7500 (Amazon Prime) – movie review

The opening scenes of 7500 are silent, showing airport security footage of a group of people about to board a commercial night flight from Berlin to Paris.  Take note of who you are seeing.

American pilot Tobias Ellis (Joseph Gordon-Levitt) is tasked to transport eighty souls on what is a regular shuttle, the one hour passenger flight between Germany to France.  In command is an experienced senior pilot, and further back in the plane is Ellis’s partner, tonight in service as part of the cabin crew.

Other than the first few minutes, all of the action in 7500 is filmed in the cockpit with an occasional view of the void just on the other side of the internal door. This is where the cabin crew can pick up the phone to talk to the pilots, and the pilots can view this front section of the plane via a small monitor.

Everything we first see is going as one might expect, until the viewer’s eyes are drawn to a corner of the curtain that blocks the view of the passengers of the cockpit doors.
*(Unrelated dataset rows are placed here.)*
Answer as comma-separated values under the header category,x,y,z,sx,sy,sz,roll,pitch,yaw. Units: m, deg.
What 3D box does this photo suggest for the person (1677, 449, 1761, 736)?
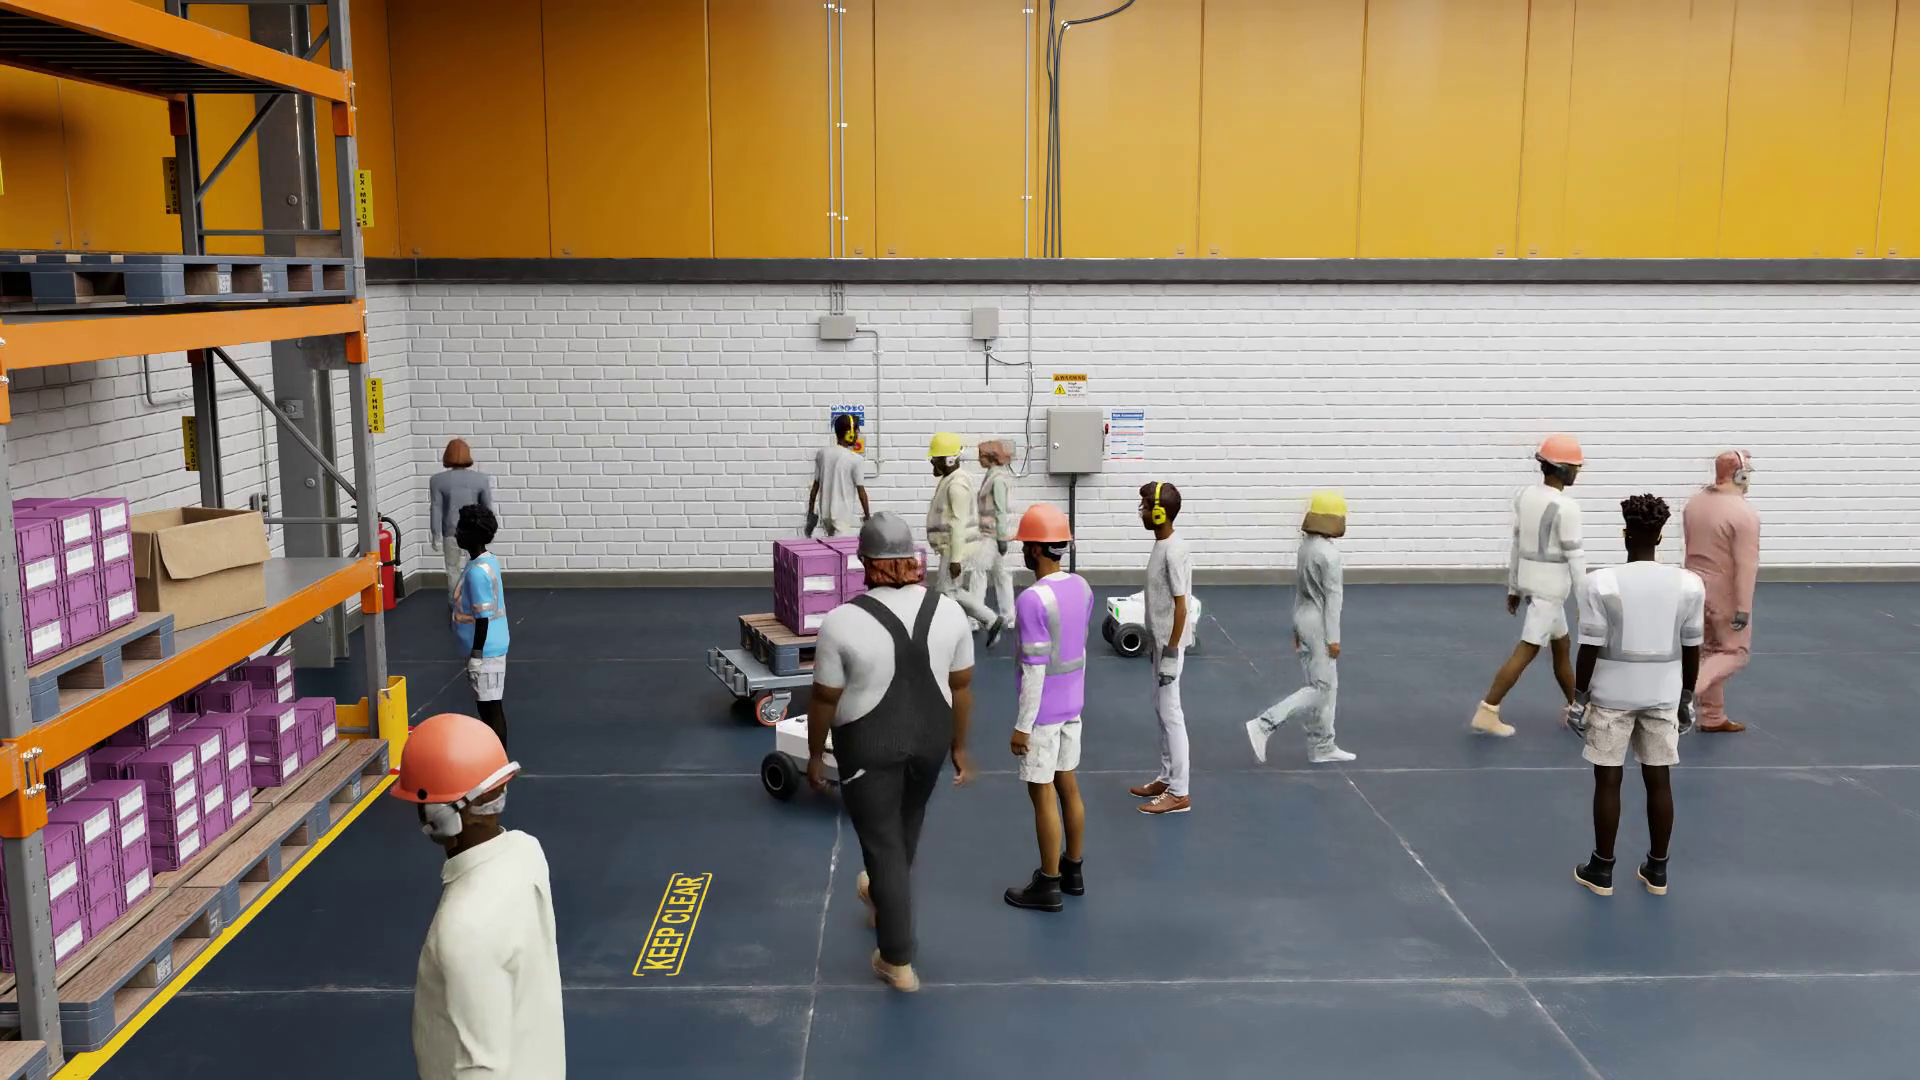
category,x,y,z,sx,sy,sz,roll,pitch,yaw
person,4.838,0.355,10.705,0.622,1.893,0.650,-2,9,-11

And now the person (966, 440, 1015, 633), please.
category,x,y,z,sx,sy,sz,roll,pitch,yaw
person,0.170,-0.024,13.875,0.659,1.617,0.527,0,9,-1

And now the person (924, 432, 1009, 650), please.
category,x,y,z,sx,sy,sz,roll,pitch,yaw
person,0.024,0.058,12.826,0.629,1.801,0.607,-1,9,-4

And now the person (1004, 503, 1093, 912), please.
category,x,y,z,sx,sy,sz,roll,pitch,yaw
person,0.398,0.789,7.901,0.370,1.935,0.552,6,11,32

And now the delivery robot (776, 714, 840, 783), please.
category,x,y,z,sx,sy,sz,roll,pitch,yaw
delivery robot,-0.717,1.174,9.486,0.707,0.478,0.477,8,12,40

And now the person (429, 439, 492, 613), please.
category,x,y,z,sx,sy,sz,roll,pitch,yaw
person,-4.255,-0.067,14.202,0.519,1.583,0.878,-4,10,-22

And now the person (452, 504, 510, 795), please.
category,x,y,z,sx,sy,sz,roll,pitch,yaw
person,-2.760,0.632,9.591,0.318,1.700,0.535,-2,10,-13

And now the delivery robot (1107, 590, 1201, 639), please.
category,x,y,z,sx,sy,sz,roll,pitch,yaw
delivery robot,1.537,0.571,13.181,0.707,0.478,0.477,-1,9,-7

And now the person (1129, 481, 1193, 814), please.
category,x,y,z,sx,sy,sz,roll,pitch,yaw
person,1.135,0.598,9.295,0.319,1.865,0.521,0,9,0

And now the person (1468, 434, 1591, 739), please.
category,x,y,z,sx,sy,sz,roll,pitch,yaw
person,3.784,0.308,10.715,1.070,1.990,0.631,-1,9,-8

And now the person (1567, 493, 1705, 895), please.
category,x,y,z,sx,sy,sz,roll,pitch,yaw
person,3.261,0.749,8.057,0.613,1.963,0.361,0,9,1

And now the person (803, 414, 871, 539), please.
category,x,y,z,sx,sy,sz,roll,pitch,yaw
person,-1.029,-0.170,14.196,0.571,1.806,0.987,7,11,36

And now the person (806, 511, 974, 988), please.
category,x,y,z,sx,sy,sz,roll,pitch,yaw
person,-0.374,0.839,7.278,0.702,2.000,0.957,-5,11,-28

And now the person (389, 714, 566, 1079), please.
category,x,y,z,sx,sy,sz,roll,pitch,yaw
person,-1.155,1.391,4.055,0.392,1.990,0.611,-1,9,-3

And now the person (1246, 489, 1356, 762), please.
category,x,y,z,sx,sy,sz,roll,pitch,yaw
person,2.102,0.540,10.081,0.657,1.717,0.480,-1,9,-4

This curtain keeps moving, as someone is evidently keeping an eye on what is going on with the crew at the business end of the plane.  Ten minutes into the flight, the cockpit is rushed by the hijackers.

We haven’t seen Joseph Gordon-Levitt grace the screen for a few years but it would be safe to say that the American actor would still be considered a major drawcard as the lead of an action thriller.  Gordon-Levitt’s pared down intensity is a perfect fit for a film set in such a confined space as the cockpit of a plane.
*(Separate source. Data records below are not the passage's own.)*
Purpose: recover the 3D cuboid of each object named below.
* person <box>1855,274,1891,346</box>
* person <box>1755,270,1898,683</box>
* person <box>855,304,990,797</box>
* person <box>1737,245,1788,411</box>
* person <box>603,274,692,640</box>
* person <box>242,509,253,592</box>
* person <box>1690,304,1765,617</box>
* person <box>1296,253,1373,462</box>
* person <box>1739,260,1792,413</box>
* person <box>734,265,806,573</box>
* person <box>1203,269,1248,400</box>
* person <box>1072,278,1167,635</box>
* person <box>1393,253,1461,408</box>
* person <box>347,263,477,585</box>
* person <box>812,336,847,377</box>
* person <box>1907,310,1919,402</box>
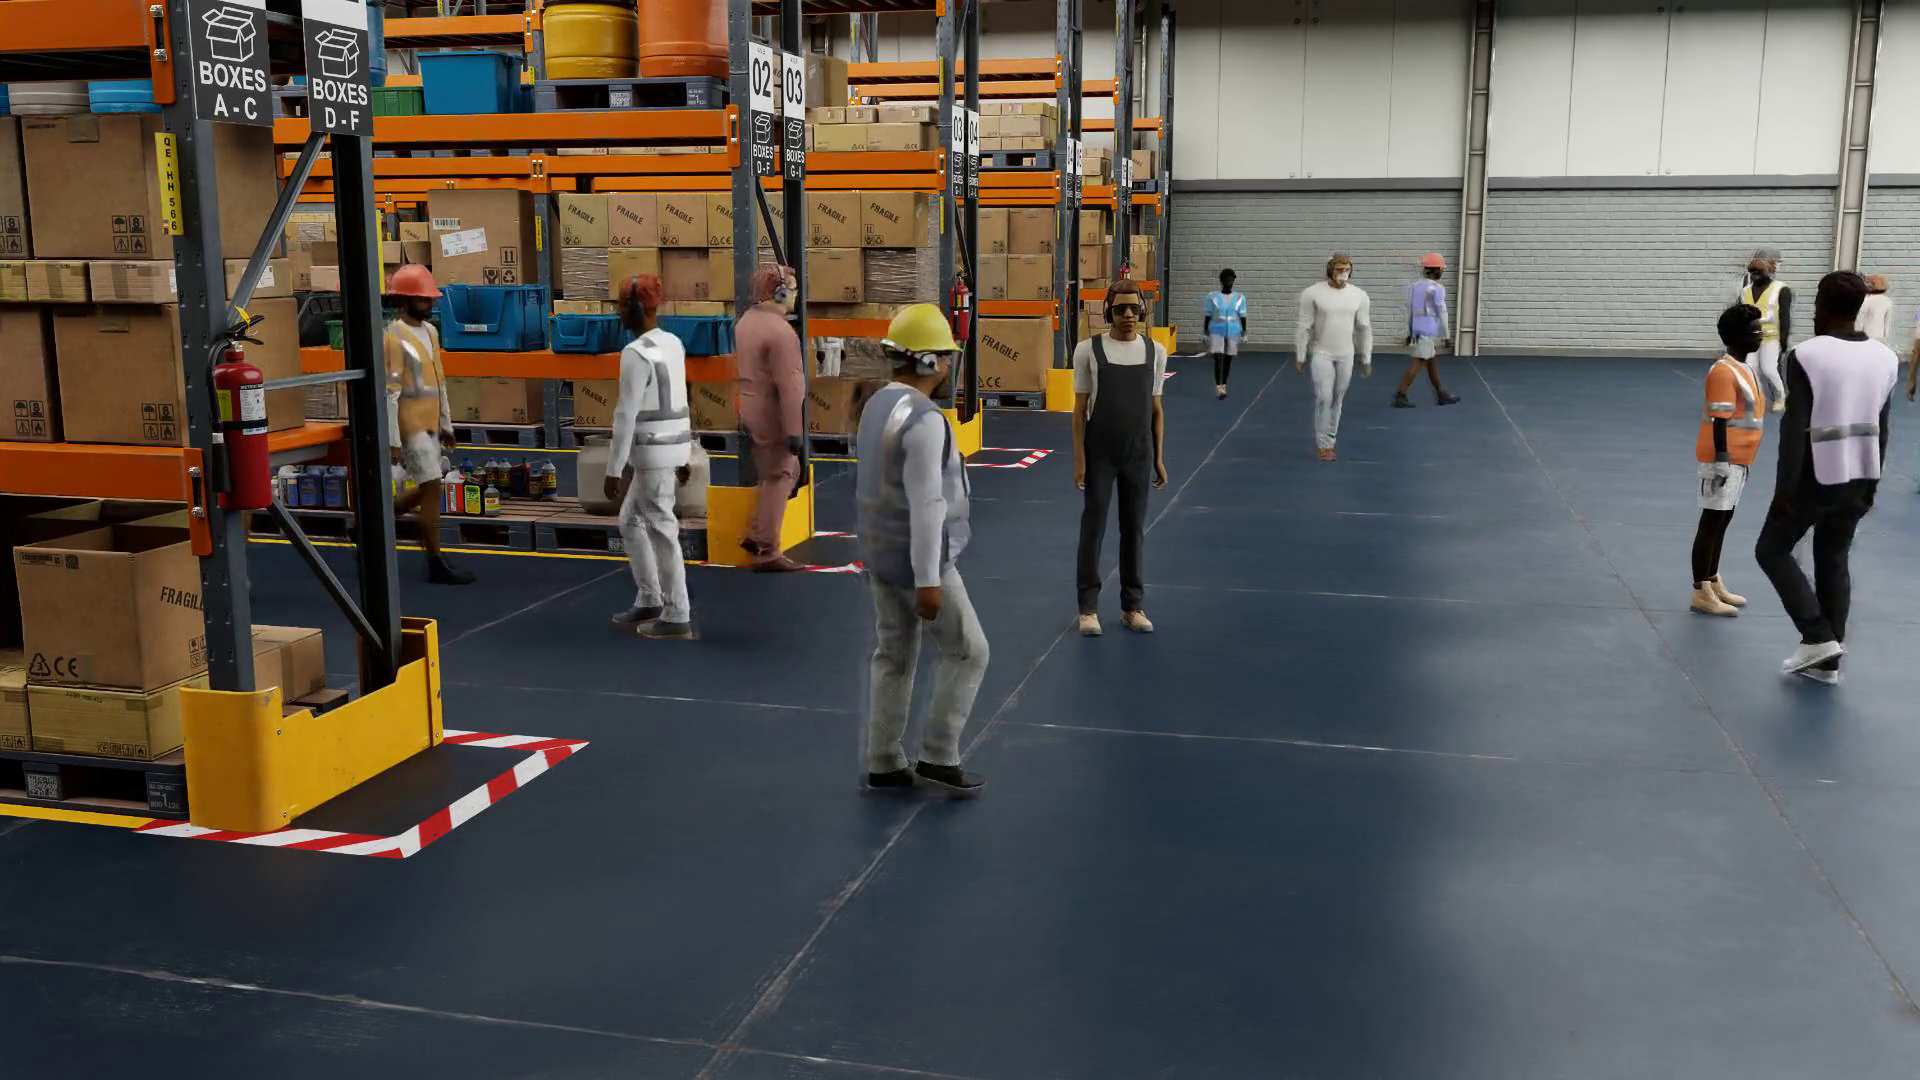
[{"bbox_3d":[11.538,-2.541,20.989,0.505,1.614,0.651,-5,11,-27],"label":"person"},{"bbox_3d":[3.982,-0.279,7.659,0.627,1.901,0.458,-3,11,-18],"label":"person"},{"bbox_3d":[-0.105,0.055,6.061,0.556,1.809,0.617,-4,11,-23],"label":"person"},{"bbox_3d":[9.563,-2.554,19.891,1.001,2.000,0.684,-2,10,-9],"label":"person"},{"bbox_3d":[-1.645,-0.403,8.446,0.613,1.864,0.610,2,10,9],"label":"person"},{"bbox_3d":[-4.128,-0.668,9.576,0.680,1.988,0.538,-1,10,-5],"label":"person"},{"bbox_3d":[4.220,-0.441,9.132,0.320,1.698,0.531,7,13,35],"label":"person"},{"bbox_3d":[3.462,-1.656,15.244,0.667,1.913,0.734,-1,10,-6],"label":"person"},{"bbox_3d":[9.302,-2.328,19.282,0.550,1.823,0.642,-7,12,-35],"label":"person"},{"bbox_3d":[-1.115,-0.733,10.216,0.433,1.887,0.680,-5,12,-27],"label":"person"},{"bbox_3d":[3.411,-2.614,21.247,0.550,1.654,0.834,-1,10,-4],"label":"person"},{"bbox_3d":[0.827,-0.425,8.633,0.506,1.847,0.345,-2,10,-12],"label":"person"},{"bbox_3d":[5.720,-2.549,20.315,1.012,1.883,0.567,-3,11,-18],"label":"person"},{"bbox_3d":[-3.303,-0.681,9.883,0.778,1.912,0.551,1,10,7],"label":"person"},{"bbox_3d":[-1.359,-2.022,17.383,0.356,1.883,0.573,4,11,20],"label":"person"},{"bbox_3d":[8.017,-1.277,13.404,0.648,1.816,0.577,-7,12,-33],"label":"person"}]

Grainy camera images of this outer area immediately behind the flight deck are used to terrifying effect.  The cockpit monitor plus the occasional astonished mutterings coming in from air traffic control are the only interruptions outside a tiny tech filled space that now contains a dead captain, a restrained terrorist, and one badly injured co-pilot.

We desperately wish to see the stoic multi-tasking co-pilot snarl and lose his composure and it takes the threat of passengers being killed unless Ellis opens the cockpit door to do it.  This creates a screeching tension of its own, as Ellis incrementally hardens his resolve, rapidly thinking through all possibilities whilst fighting for his own life and that of the remaining passengers.

One room thrillers rely heavily on who is in frame for the duration and this can be a hard focus. Ellis’s character is multi-tasking so furiously, constantly assessing new and evolving risks, that he becomes something of a machine.  It’s a second by second nightmare that is almost unbearable to watch until it becomes evident that Ellis is not going to be able to land the plane on his own.  7500 has so many possibilities of death in the sky which are all employed one after the other in a relentlessly stressful pace, throwing all plot devices into the cabin with just the one person to carry it all off.  He does.

Warning: you may not have any of your fingernails left after the viewing of this suffocating and tense little budget thriller.  7500 should successfully deter you from ever taking a flight again (current world dumper fire status permitting).

7500 is streaming now on Amazon Prime.